Capps, who never lost a game in college until last year’s D-II World Series, was selected by the Seattle Mariners with a supplemental third-round pick (127th overall). Just before signing with the Mariners at the mid-August signing deadline, Capps’ fastball was clocked at 97-98 mph.
This year’s top-ranked D-II player, St. Edward’s (Texas) righthander Stephen Johnson, has a remarkably similar profile when compared to the 6-foot-6 Capps and is expected to be selected in roughly the same position in this year’s draft. He is ranked No. 71 on Perfect Game’s master pre-draft ranking of the Top 500 Prospects.
The 6-foot-4, 205-pound Johnson was a relative unknown coming out of a Colorado high school—much like Capps, who was immediately red-shirted when he enrolled at Mt. Olive—and largely flew under the radar in his first two years at the D-II level in Texas.
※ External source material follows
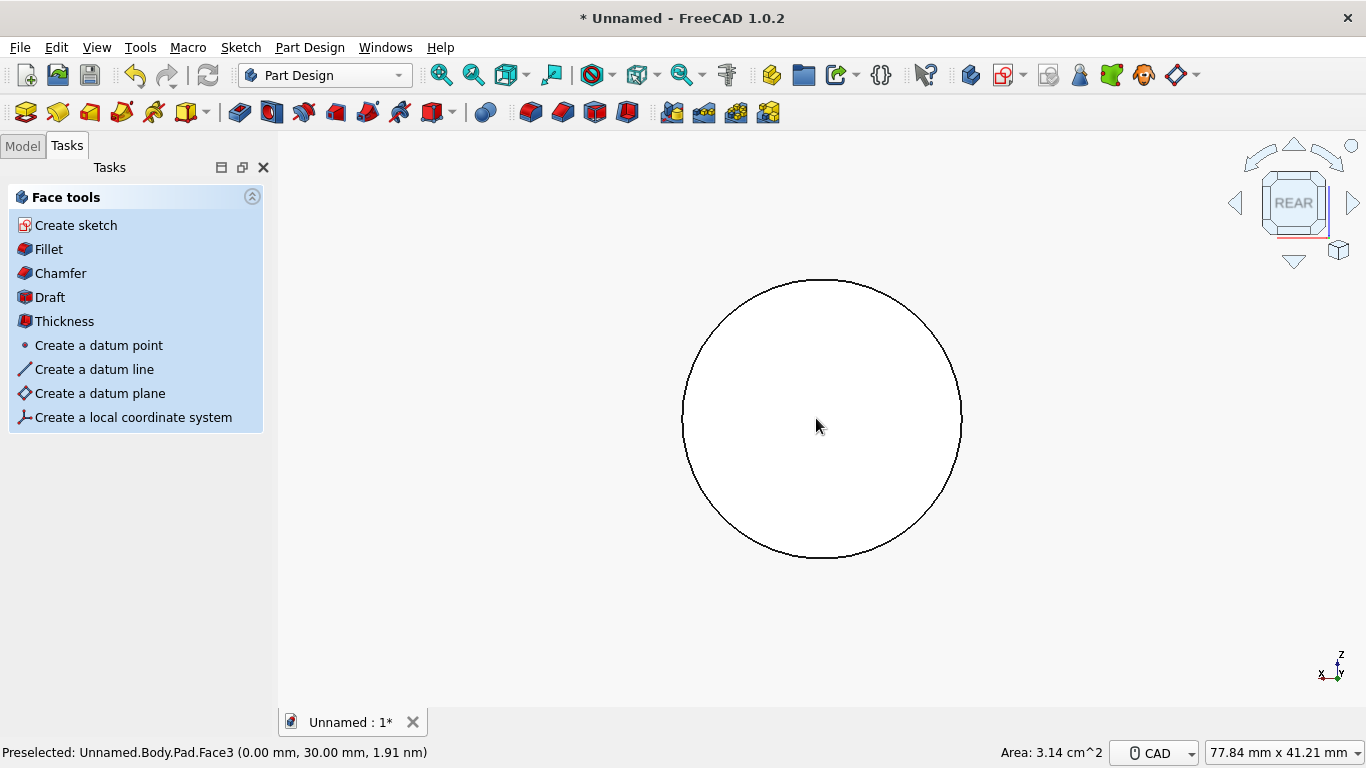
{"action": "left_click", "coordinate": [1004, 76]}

But Johnson’s draft stock surged last summer while pitching for Santa Barbara in the California Collegiate League, where he showcased an electric arm and dominated in a relief role with a fastball that was steadily in the 94-98 mph range. A summer earlier, Capps also came of age as a prospect as a closer in the Coastal Plain League.
Johnson was used as a starter last year for St. Edward’s, going 7-5, 3.56 with 35 walks and a team-high 65 strikeouts in 78 innings, and will move to his more-natural role as a closer role this spring. He still needs to continue developing his breaking stuff and refining his changeup, but should emerge as one of the hardest throwers in the 2012 college draft class.
Scouts will get an early opportunity look at Johnson and many of the other top prospects in the D-II ranks over the next 2-3 weeks, especially those playing for traditional Sun Belt schools, as the more powerful Division I ranks won’t kick off their 2012 season until Feb. 17, the uniform starting day for D-I teams.